MS. WALLANDER: Could I answer with just two specific -- I would say -- well, three specific -- one is that the United States can't -- since the United States can't control international oil prices, but what we can do, though, is support Russian in increasing investment in new sectors of the energy economy to build new kinds of capacity that Dr. Rumer was referring to. And one particular capacity that would be very much in the United States interests is the proposal to build a pipeline, the Nohodka (ph) pipeline, which would serve East Asian markets. It would bring new incentives for new Russian oil fields to come on line. It would change -- it could potentially change certain aspects of the strategic relationships in Asia. It would create a stake for Japanese positive relations with Russia, and so it would have economic benefit within Russia but also potentially strategic relations -- benefits in East Asia.

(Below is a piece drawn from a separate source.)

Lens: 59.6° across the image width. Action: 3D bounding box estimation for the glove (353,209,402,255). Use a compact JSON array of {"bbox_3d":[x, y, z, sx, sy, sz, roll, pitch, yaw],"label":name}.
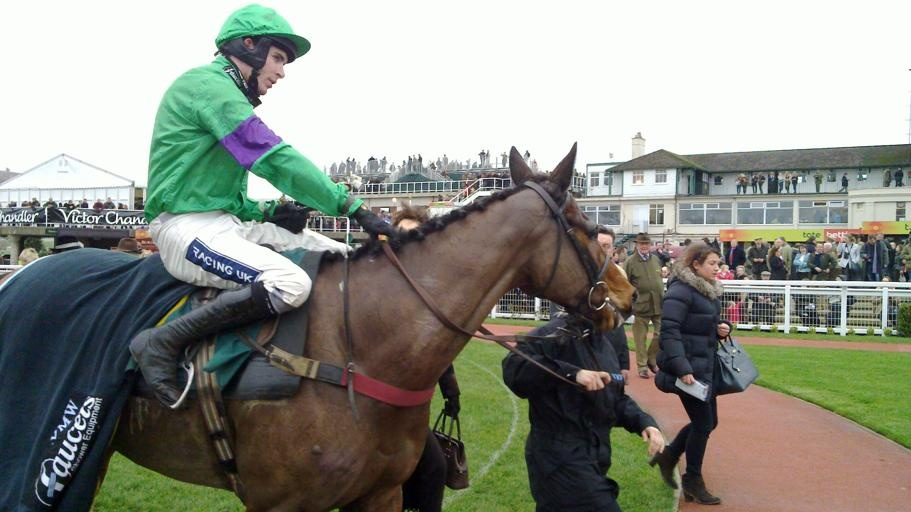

Two non-energy areas, is that the United States should continue the very good work it's been doing to help Russia join the WTO. We should hold Russia to the standards of the WTO, but we should continue the technical assistance and the intensive negotiations with Russia with the presumption that Russia will meet the standards and will be able to join the WTO. But it's had enormously positive effects in balancing the economic and business interests within Russia and bringing -- bringing the interests of some of those business groups to the fore in thinking about the West.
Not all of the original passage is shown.